By Kidist Ibrie Yasin
My journey to a Ph.D. study in philanthropy has already opened several opportunities in less than a year, the most recent of which was four days in May to participate in the ISTR/WITS African Ph.D. Seminar and Annual Philanthropy Conference, held in the beautiful “City of Gold,” Johannesburg, South Africa.
A chance to hear about my dissertation from world-class experts, networking with fellow Ph.D. students with diverse backgrounds, participating and becoming a victor in a three-minute thesis competition, getting a chance to present my work in front of scholars and leaders of the third sector across the world, and my experience at the Wits Business School are treasures that I will always vividly remember.
During the two-day Ph.D. seminar, 20 students were teamed into three groups, each consisting of at least two senior faculty and six or seven students. This was a unique opportunity where students got a chance to present their work and obtain detailed individual feedback from the group. My group, themed general philanthropy, was awesome; it included Professor Alan Fowler and Professor Una Osili, and five more Ph.D. students who study in Ghana, Kenya, Uganda, UK, and the US.
They generously gave me well-thought and insightful comments that clarified nuanced issues and evoked deeper thinking into my work, and an essential dataset for my dissertation was also suggested. Listening to, and actively participating in, the presentations of my group members also widened my understanding in several areas of philanthropy and boosted my confidence in expressing my views in academic settings.
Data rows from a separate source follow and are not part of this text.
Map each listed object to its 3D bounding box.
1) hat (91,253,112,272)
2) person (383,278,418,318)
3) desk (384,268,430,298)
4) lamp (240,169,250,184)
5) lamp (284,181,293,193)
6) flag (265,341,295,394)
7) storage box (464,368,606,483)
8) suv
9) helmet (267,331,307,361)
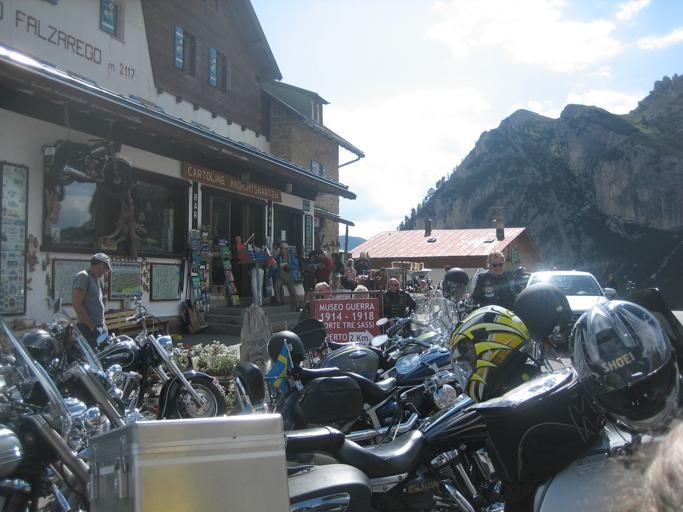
[{"bbox_3d":[-3.397,0.088,8.755,0.191,0.164,0.290,13,-14,28],"label":"hat"},{"bbox_3d":[1.045,0.757,11.356,0.499,0.937,0.266,-3,-17,-10],"label":"person"},{"bbox_3d":[2.069,0.744,19.690,1.102,0.741,1.157,3,6,34],"label":"desk"},{"bbox_3d":[-2.261,-1.919,15.058,0.219,0.366,0.241,3,7,14],"label":"lamp"},{"bbox_3d":[-1.498,-1.925,17.511,0.204,0.237,0.224,1,5,5],"label":"lamp"},{"bbox_3d":[-0.515,0.953,5.287,0.226,0.537,0.023,-2,25,-23],"label":"flag"},{"bbox_3d":[1.132,0.920,3.736,0.616,0.506,0.518,-28,-4,10],"label":"storage box"},{"bbox_3d":[4.765,0.978,13.027,1.765,1.520,3.767,-4,-9,23],"label":"suv"},{"bbox_3d":[-0.474,0.744,5.253,0.263,0.255,0.215,-8,3,-3],"label":"helmet"}]

The three-minute thesis competition was a moment that made me very nervous, yet ended with massive excitement. When I was announced a co-winner of the competition, I was shocked, and became speechless! Being the winner of such a competition in an international platform embodies great motivation, strong energy, and a sense of the higher significance of the work that I do.
In fact, I am very grateful for my entire teammates, and especially Professor Osili and my friend Tiara Dungy (a third-year Ph.D. student in my school who was also in attendance), who convinced me to sign up just a day before the competition, and kept encouraging me to the last moment, even when I nearly declined my participation out of anxiety.
All the senior faculty were extremely helpful. I was able to have an extensive talk with most of them during coffee and lunch breaks. I also had a chance to interview Professor Imhotep Aligidede, Professor Ali Awni, Professor Alan Fowler, and Professor Jacob Mati about their work for a project in my school that aims to study the intersection of philanthropy, religion, and youth development globally.
The two-day conference on African philanthropy that followed the Ph.D. seminar was intensive, yet filled with interesting panel discussions that broadened my knowledge about the state of African philanthropy.
The rationale and need for philanthropy for African countries, the influence of religion and community on practices of philanthropy, and the legal and policy framework for philanthropy in the continent were among the topics addressed from which I gained a lot of input, especially for a book chapter I am writing this summer on the philanthropic landscape in Ethiopia. Moreover, the connections and networks I created, in both the seminar and the conference, provided me with information on funding opportunities for my summer travel to Ethiopia for my research work and writing a book chapter.
It would not be complete if I close my essay without mentioning how I enjoyed the lunch and coffee treats on each day, and the memorable dinner at the Moyos Shop; Pap and stir-fried squashes were my most favorite and delicious cuisines that I will definitely miss whenever I think of South Africa.
Originally from Ethiopia, Yasin is now a second-year Ph.D. student at the Lilly Family School of Philanthropy.